I am also thinking of ways to support ActivityPub as an add-on, which would also work with the authentication system to give proper privacy granularity in the Fediverse.
What about Webmention, WebSub, …?
Publ is only one piece of a puzzle for a rich IndieWeb experience. It is intended to provide the publishing and content management aspects of a site, and allow the use of other, simple tools for other parts of the ecosystem.
To that end, the intention is that things like outgoing Webmention and WebSub are left to external tools. One such tool is Pushl to provide the notification conduit between Publ (or any other publishing system, static or dynamic!) and the various push infrastructure that is emerging around the IndieWeb.
As far as incoming Webmentions are concerned, most of that comes down to selecting whatever endpoint you want. There is already a rich ecosystem of Webmention endpoints that are available for use now (I use webmention.io, personally), and I haven’t seen any compelling reason to integrate one into Publ directly. (That said, I do have a Webmention endpoint wishlist and it’d be nice to build it as a Flask blueprint.)
What about adding other functionality?
Being built in Flask, it is a simple matter to add additional routes to any Publ instance, by simply registering them with Publ’s routing rules. Any Flask-specific plugin or blueprint should Just Work out of the box, and building API endpoints that wrap existing libraries is quite straightforward.
This is of course not anything special to Publ.
Custom Flask endpoints can also make use of the Python API for querying and formatting entries.
What about having multuple Publ instances within a single running site?

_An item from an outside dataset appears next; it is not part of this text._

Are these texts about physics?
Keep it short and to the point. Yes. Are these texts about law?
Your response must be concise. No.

Unfortunately, running multiple Publ instances within a single app server (gunicorn, etc.) is not so straightforward. Currently, the ORM in use does not support segregating data across instances, and as such I also haven’t put much effort into containerizing the Publ configuration (which is currently global). However, I haven’t found a good use case for multiple Publ sites conmingled in a single app server anyway; if you can think of one, feel free to open an issue and make your case for it!

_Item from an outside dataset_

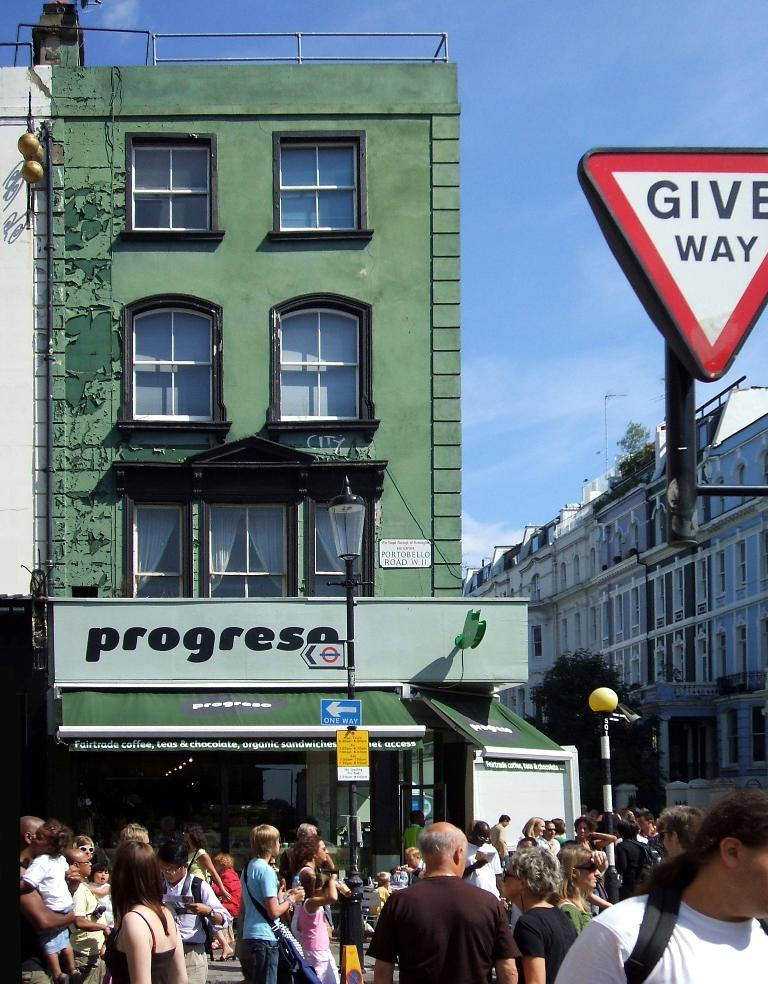How many people can be seen at the bottom of the image? There are many people at the bottom of the image. What structures are located in the middle of the image? There are buildings in the middle of the image. What type of signage is present in the image? Sign boards are present in the image. Can you read any text in the image? Yes, text is visible in the image. What type of lighting is present in the image? Street lights are in the image. What type of vertical structures are present in the image? Poles are present in the image. What type of openings are visible in the buildings? Windows are visible in the image. What type of accessory is present in the image? Glasses are present in the image. What type of barrier is present in the image? There is a wall in the image. What part of the natural environment is visible in the image? The sky is visible in the image, and clouds are present. Can you hear the harmony created by the guitar in the image? There is no guitar present in the image, so it is not possible to hear any harmony.

That said, it’s trivial to have different Publ instances for different subdomains or mount points, with the caveat that they can’t directly communicate with one another.
Do you have any importers from other blogging platforms?
If you want to convert a Movable Type blog’s content over, see mt2publ.
There currently aren’t any converters for other blogging systems, but since the entry file format is so simple, it shouldn’t be too difficult to write converters from other systems either.
OSError: [Errno 8] Exec format error: '/path/to/app.py' when running in debug
Werkzeug 0.15 (used by Flask) changed the way the automatic reload works, which makes it so that if
app.py is set executable, this will
fail. (See an associated GitHub issue for more information.)
If you’re on Linux or macOS, the easiest solution is to make sure that
app.py is not set executable, with e.g.
chmod a-x app.py
A more general fix (which includes Windows) is to use the
flask run script instead:
FLASK_ENV=development FLASK_DEBUG=1 pipenv run flask run
The scripts bundled with the publ-site repository have been updated accordingly.
How can I help out?
Glad you asked!
Where I could use the most help right now:
Building example templates/themes for people to use
Improving the deployment mechanism and documentation thereof
Improving the documentation for everything (in particular there needs to be some sort of “quick start” guide to get people going with writing/using templates, and explaining how the heck to use Publ in the first place!)
Improving the code quality — currently all testing is via ad-hoc smoke tests, and I’m still relatively inexperienced in Python so I’m sure a lot of places where the code could be better/cleaner/more Pythonic
Making the Publ site look nicer in general
Writing more converters for other blog platforms
I also have a rather large list of to-do items, most of which are low priority for me. But if there’s something you want to help on, please, by all means, do so!